What you need to do: Copies of all lines containing the string "object" are needed from the data below.

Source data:

____

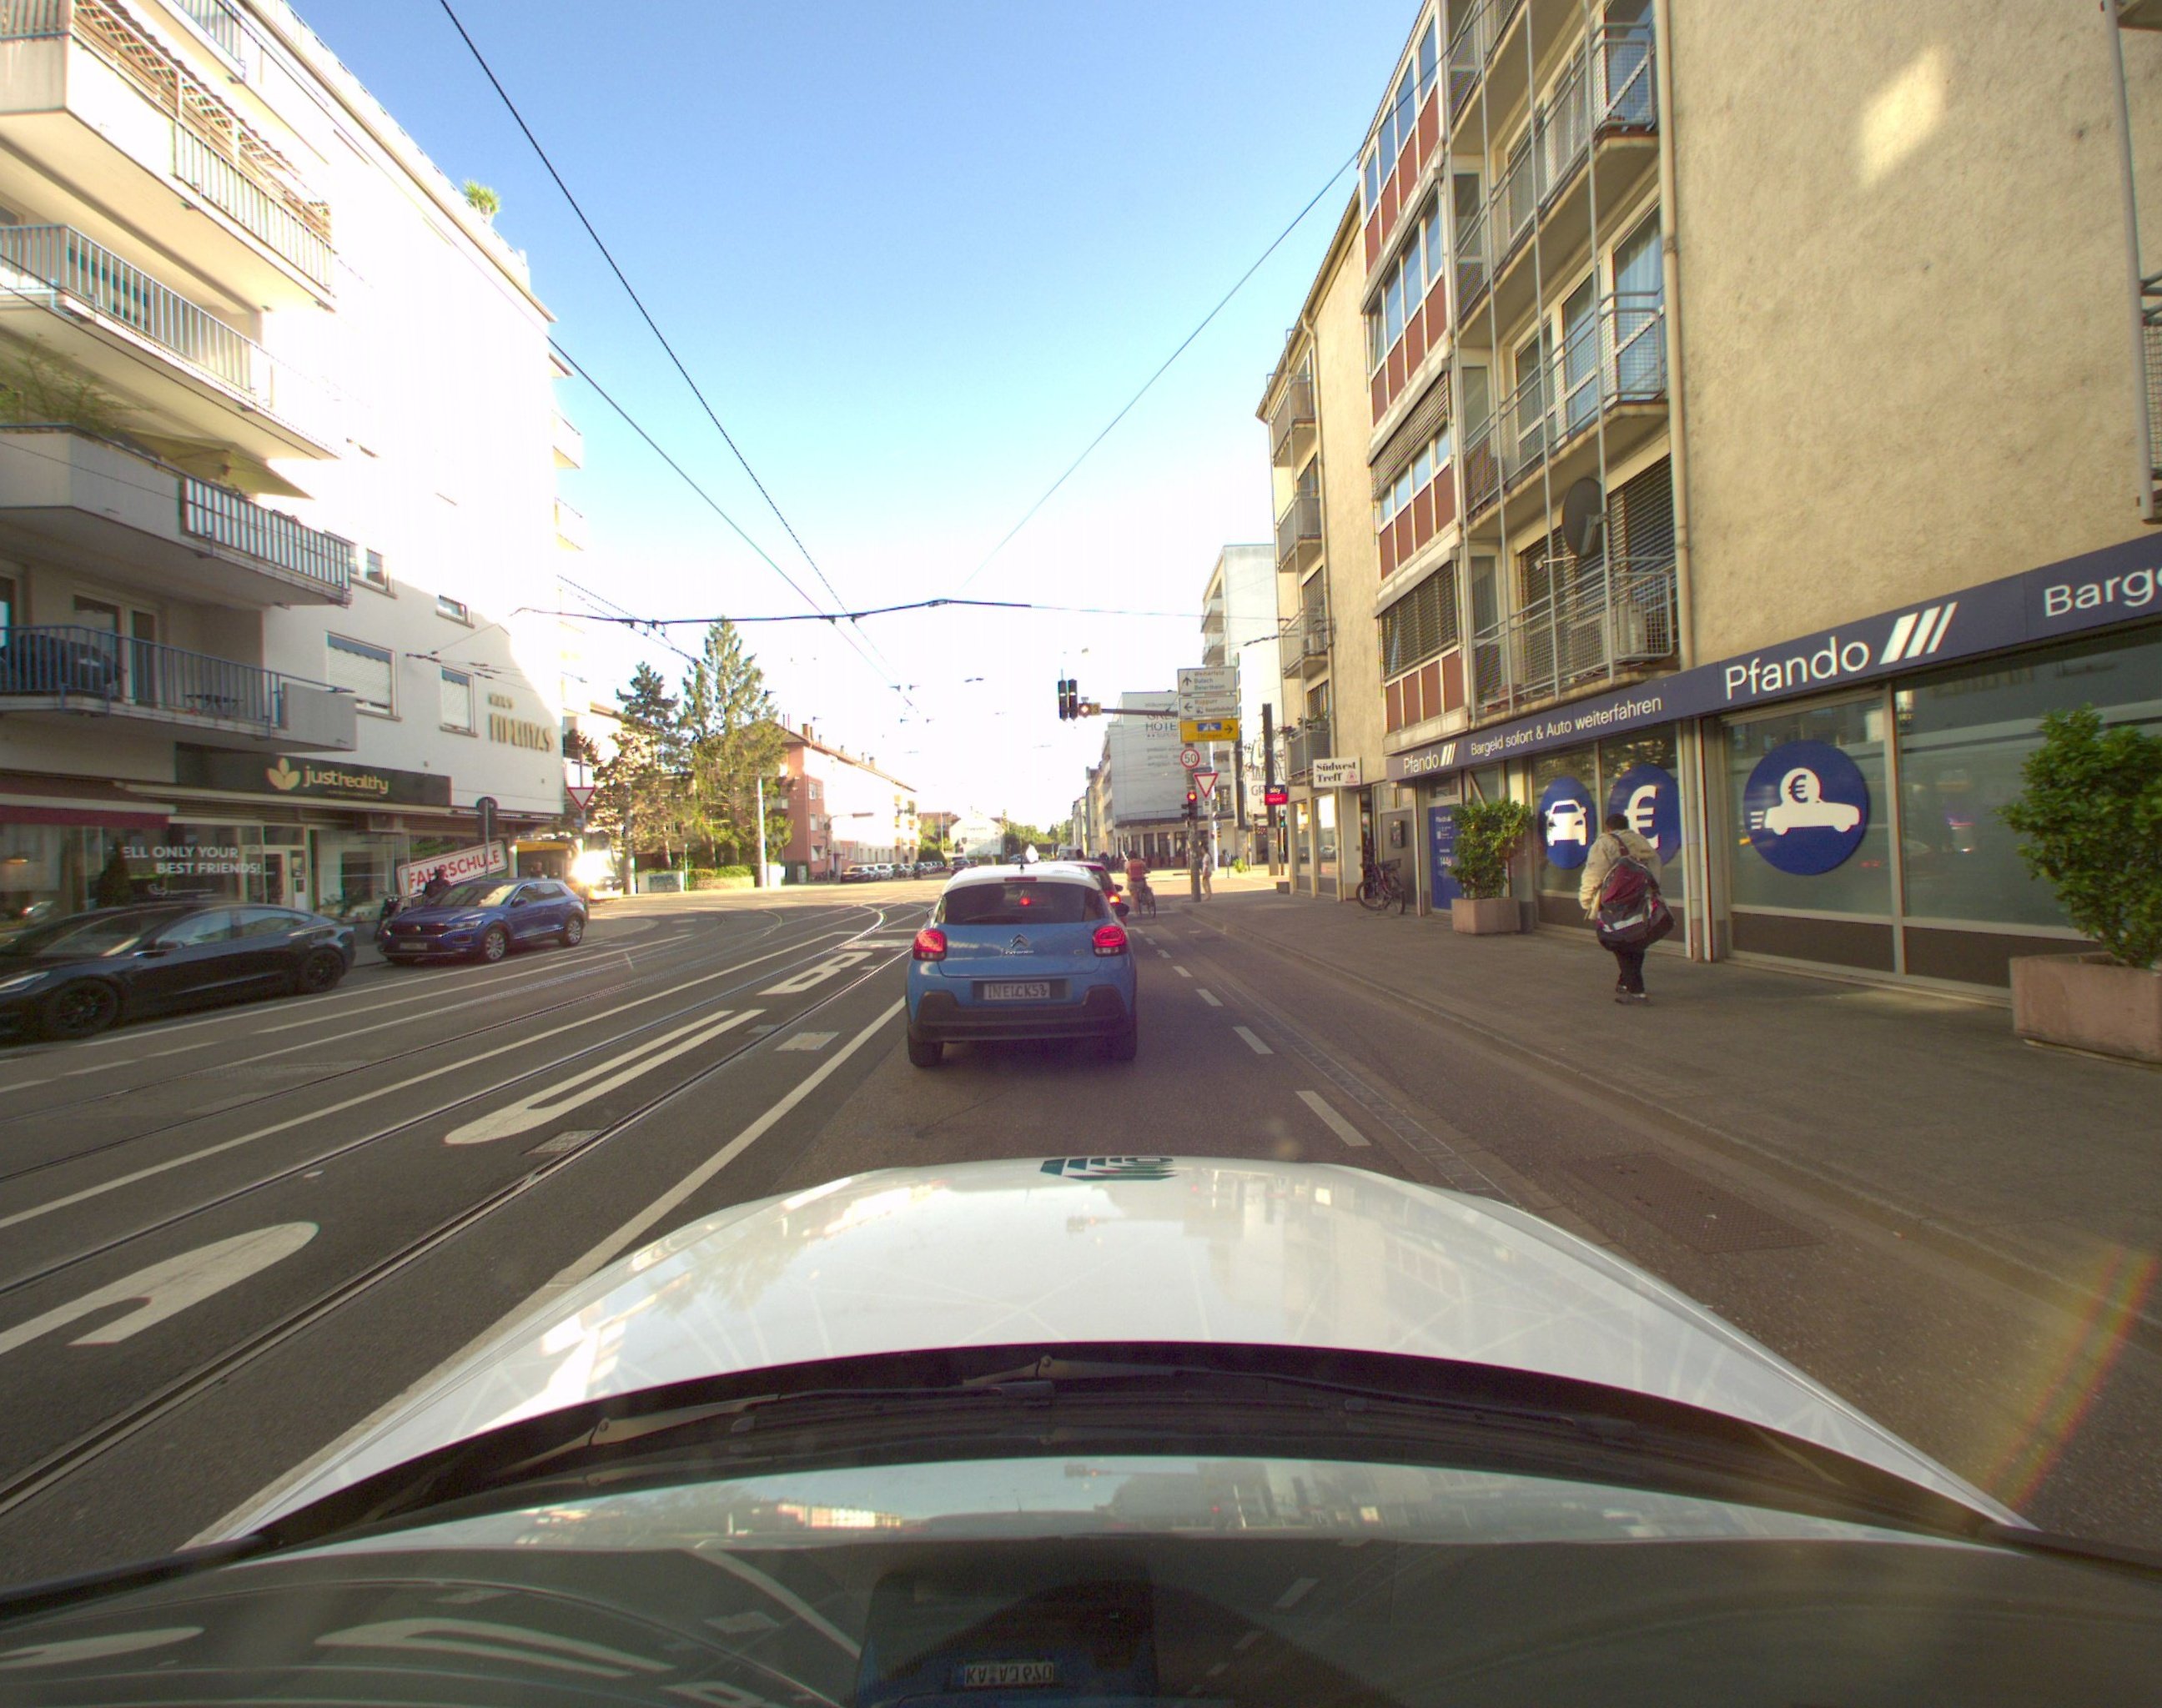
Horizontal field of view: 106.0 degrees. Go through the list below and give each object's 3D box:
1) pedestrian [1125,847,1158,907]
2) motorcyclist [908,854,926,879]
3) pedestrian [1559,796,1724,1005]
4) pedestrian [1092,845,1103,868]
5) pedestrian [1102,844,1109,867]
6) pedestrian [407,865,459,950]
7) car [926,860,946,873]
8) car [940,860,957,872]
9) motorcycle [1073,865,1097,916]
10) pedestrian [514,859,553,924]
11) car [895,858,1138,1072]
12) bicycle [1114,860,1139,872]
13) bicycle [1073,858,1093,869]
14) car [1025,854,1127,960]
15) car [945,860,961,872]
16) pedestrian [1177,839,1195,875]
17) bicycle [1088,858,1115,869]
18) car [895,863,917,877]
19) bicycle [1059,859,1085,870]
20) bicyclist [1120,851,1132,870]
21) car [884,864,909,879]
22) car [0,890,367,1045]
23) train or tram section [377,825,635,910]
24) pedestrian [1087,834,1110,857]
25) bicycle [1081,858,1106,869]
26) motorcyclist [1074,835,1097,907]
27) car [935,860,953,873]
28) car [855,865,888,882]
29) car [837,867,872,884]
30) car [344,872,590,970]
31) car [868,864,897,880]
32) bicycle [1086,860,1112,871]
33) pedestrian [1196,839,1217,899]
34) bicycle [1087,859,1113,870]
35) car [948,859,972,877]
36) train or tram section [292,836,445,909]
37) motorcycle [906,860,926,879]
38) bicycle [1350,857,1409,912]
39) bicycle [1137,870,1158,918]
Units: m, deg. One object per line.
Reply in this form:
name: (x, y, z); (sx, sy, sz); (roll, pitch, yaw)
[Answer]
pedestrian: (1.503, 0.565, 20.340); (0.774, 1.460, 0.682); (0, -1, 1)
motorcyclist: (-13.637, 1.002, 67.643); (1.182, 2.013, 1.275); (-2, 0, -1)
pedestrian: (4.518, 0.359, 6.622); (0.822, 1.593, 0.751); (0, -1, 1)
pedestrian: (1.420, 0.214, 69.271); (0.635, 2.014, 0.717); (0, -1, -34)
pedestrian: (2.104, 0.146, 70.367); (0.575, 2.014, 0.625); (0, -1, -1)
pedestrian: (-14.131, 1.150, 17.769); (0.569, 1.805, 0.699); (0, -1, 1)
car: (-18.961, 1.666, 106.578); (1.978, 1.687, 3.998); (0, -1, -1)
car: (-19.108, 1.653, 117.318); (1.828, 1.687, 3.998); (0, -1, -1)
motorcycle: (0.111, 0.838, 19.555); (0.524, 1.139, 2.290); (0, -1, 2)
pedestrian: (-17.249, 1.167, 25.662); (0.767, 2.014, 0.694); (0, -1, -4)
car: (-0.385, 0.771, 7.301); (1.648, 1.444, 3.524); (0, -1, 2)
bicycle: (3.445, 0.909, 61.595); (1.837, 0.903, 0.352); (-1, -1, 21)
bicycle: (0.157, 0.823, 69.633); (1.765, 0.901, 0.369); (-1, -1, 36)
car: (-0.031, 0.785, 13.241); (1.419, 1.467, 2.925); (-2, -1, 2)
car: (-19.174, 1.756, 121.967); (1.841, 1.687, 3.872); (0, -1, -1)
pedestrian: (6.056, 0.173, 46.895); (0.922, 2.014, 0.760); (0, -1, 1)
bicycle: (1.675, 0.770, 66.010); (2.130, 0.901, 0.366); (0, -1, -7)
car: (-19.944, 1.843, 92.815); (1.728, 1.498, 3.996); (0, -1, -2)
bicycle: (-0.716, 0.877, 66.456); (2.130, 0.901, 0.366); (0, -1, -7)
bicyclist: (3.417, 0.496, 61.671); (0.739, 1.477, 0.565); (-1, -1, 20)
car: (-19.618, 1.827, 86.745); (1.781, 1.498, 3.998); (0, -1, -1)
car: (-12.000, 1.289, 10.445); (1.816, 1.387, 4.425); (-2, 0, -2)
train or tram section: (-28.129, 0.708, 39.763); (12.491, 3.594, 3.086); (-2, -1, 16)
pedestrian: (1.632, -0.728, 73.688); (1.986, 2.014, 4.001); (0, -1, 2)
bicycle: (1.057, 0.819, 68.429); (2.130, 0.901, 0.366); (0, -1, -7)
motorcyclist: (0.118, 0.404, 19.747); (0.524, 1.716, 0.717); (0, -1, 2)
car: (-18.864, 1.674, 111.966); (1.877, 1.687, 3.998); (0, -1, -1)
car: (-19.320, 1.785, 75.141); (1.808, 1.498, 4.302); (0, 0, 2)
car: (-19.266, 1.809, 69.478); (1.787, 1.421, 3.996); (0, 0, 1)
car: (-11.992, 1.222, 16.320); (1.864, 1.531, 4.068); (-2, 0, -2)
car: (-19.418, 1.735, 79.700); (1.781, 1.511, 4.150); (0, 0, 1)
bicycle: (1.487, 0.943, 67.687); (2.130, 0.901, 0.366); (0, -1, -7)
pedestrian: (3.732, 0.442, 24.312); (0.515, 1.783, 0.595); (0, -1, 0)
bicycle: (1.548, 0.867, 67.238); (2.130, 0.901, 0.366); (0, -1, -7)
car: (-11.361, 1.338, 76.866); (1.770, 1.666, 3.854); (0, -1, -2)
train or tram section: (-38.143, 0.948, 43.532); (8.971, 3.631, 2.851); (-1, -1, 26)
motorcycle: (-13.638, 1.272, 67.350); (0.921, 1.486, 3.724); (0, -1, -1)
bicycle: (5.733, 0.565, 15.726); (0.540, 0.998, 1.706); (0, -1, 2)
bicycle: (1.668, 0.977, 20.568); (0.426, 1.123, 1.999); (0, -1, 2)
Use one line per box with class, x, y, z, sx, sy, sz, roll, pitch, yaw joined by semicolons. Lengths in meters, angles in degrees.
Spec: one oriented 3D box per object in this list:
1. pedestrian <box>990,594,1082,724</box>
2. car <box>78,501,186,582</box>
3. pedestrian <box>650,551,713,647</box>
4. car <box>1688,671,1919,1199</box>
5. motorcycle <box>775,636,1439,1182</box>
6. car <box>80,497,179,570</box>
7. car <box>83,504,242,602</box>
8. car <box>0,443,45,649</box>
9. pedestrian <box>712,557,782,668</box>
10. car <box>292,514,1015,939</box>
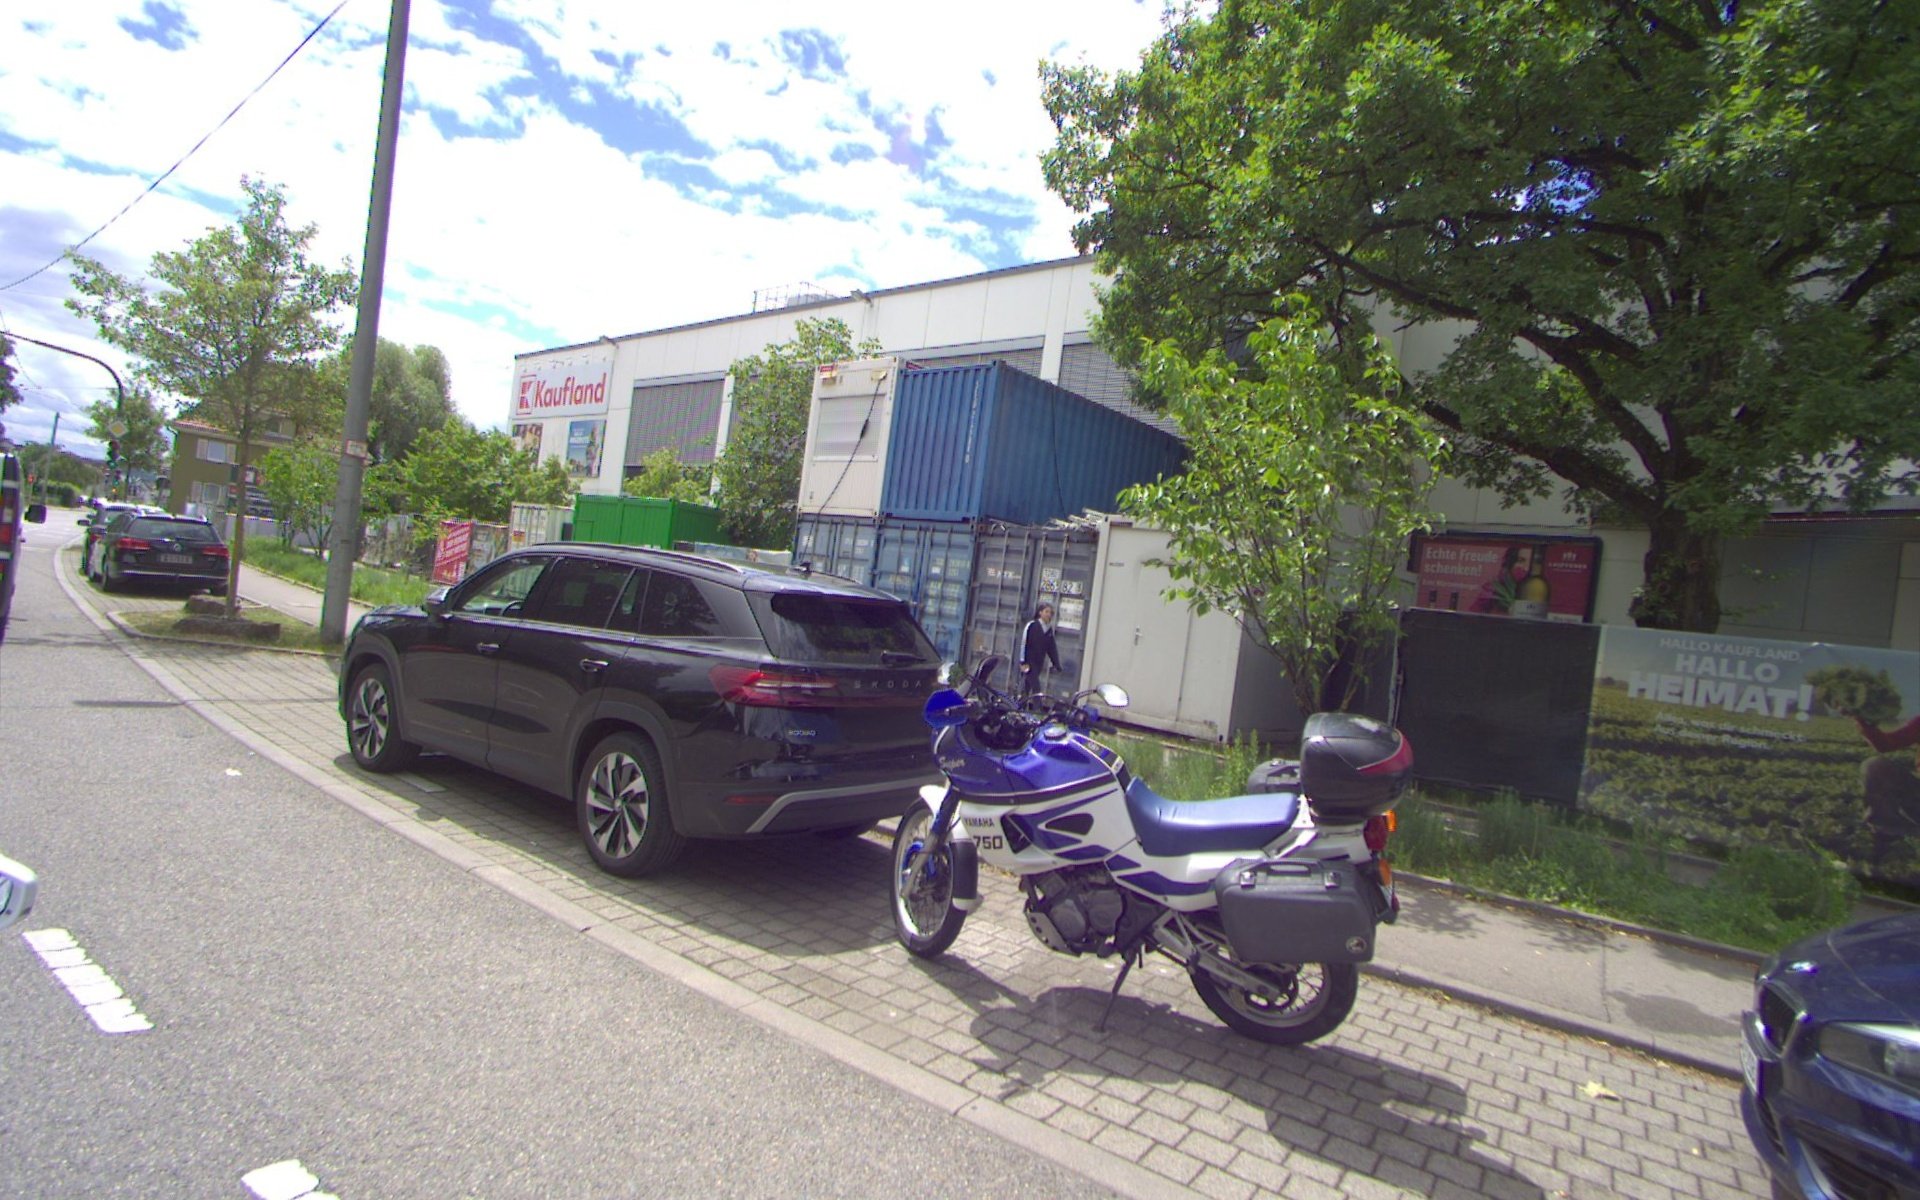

____

Your solution:
Horizontal field of view: 106.0 degrees. Go through the list below and give each object's 3D box:
Units: m, deg. One object per line.
Spec: one oriented 3D box per object in this list:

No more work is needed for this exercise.